# My wife is pregnant, again!!!



## kahoolawe (Mar 22, 2011)

My wife is pregnant, again!!!
We had our first baby 2.5 years ago. My son is about to get a sibling!
My wife is almost three months already!!!


----------



## Lisa Scott (Apr 4, 2011)

Congrats to you both!  Hope it's an easy pregnancy.


----------



## kahoolawe (Mar 22, 2011)

Lisa Scott said:


> Congrats to you both! Hope it's an easy pregnancy.

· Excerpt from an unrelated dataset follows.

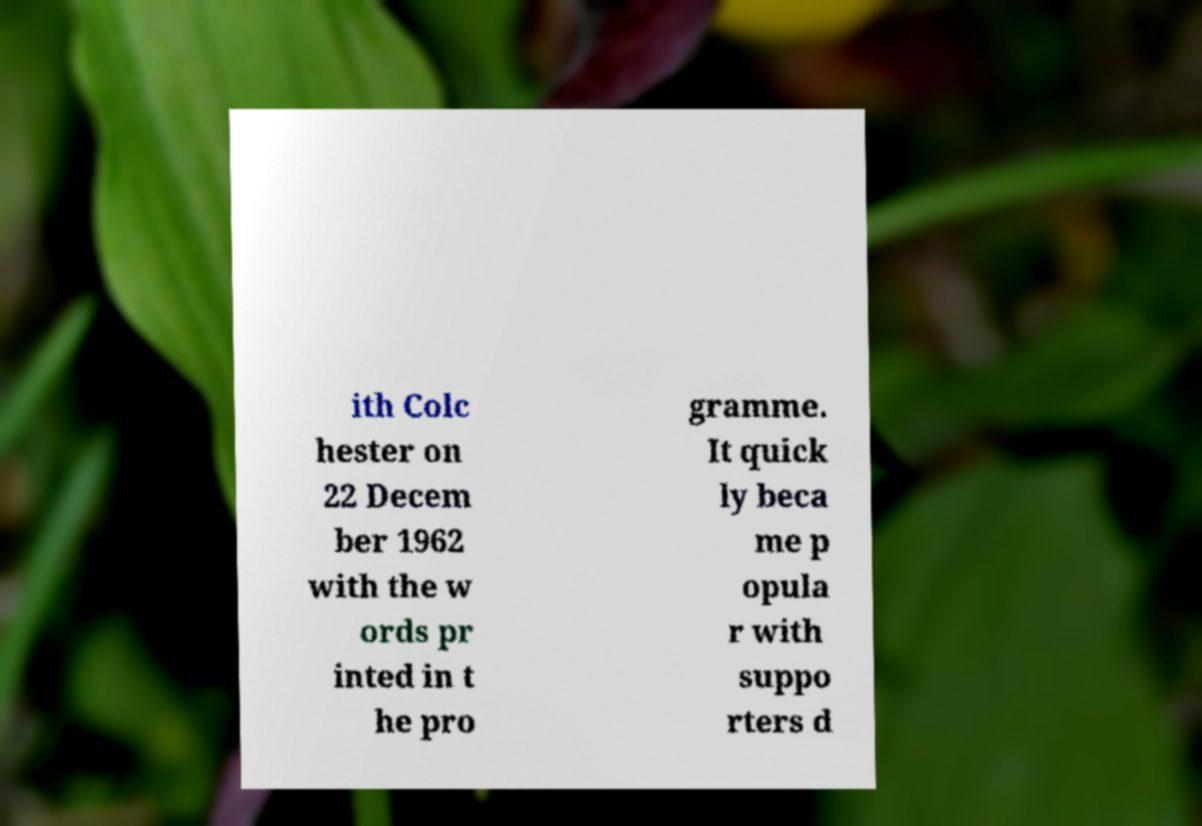Please read and relay the text visible in this image. What does it say? ith Colc hester on 22 Decem ber 1962 with the w ords pr inted in t he pro gramme. It quick ly beca me p opula r with suppo rters d 
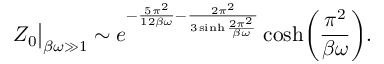<formula> <loc_0><loc_0><loc_500><loc_500>Z _ { 0 } \Big | _ { \beta \omega \gg 1 } \sim e ^ { - \frac { 5 \pi ^ { 2 } } { 1 2 \beta \omega } - \frac { 2 \pi ^ { 2 } } { 3 \sinh \frac { 2 \pi ^ { 2 } } { \beta \omega } } } \cosh \Big ( \frac { \pi ^ { 2 } } { \beta \omega } \Big ) .</formula>

I hear that! She's better off this time around for sure.
I'm proud of her. She's a hero, indeed!


----------



## Aris Whittier (Sep 21, 2010)

HUGE congrats!!!!!!!!!  

It looks like you might have a May baby, yes?


----------



## Alle Meine Entchen (Dec 6, 2009)

congrats!  Our 2nd is coming in around 27 days (not that I'm counting or anything, I'd just like to put on socks like a normal person) and our DD is starting to get the idea that she's not going to be the only one bossing me around anymore.  Just remember when she cries, it's probably not your fault (I get teary eyed when DH and I would discuss home improvement ideas, for some strange reason) and not laugh when she's craving french fries.


----------



## kahoolawe (Mar 22, 2011)

Aris Whittier said:


> HUGE congrats!!!!!!!!!
> 
> It looks like you might have a May baby, yes?


You are correct!!! mid-late May!!!
We're excited and all we want is "healthy"!!!


----------



## kahoolawe (Mar 22, 2011)

Alle Meine Entchen said:


> congrats! Our 2nd is coming in around 27 days (not that I'm counting or anything, I'd just like to put on socks like a normal person) and our DD is starting to get the idea that she's not going to be the only one bossing me around anymore. Just remember when she cries, it's probably not your fault (I get teary eyed when DH and I would discuss home improvement ideas, for some strange reason) and not laugh when she's craving french fries.


I can already tell that my toddler son knows something has shifted in his universe.
It's almost funny.


----------



## Moppet (Sep 30, 2011)

Congrats!  That's almost the exact same timing I had with my two kids, and so far so good.

Tell your wife she has my sympathies.  I found running after a toddler while baking a new one to be exhausting!  But totally worth it.


----------



## momilp (Jan 11, 2010)

Congrats! Love reading such wonderful news, makes my day shinier


----------



## Sarah Woodbury (Jan 30, 2011)

When I first clicked on this, I wasn't sure if the news was as with my first two kids (Yay! We're pregnant) or the second two (Oh my gosh, we're pregnant _again_! LOL).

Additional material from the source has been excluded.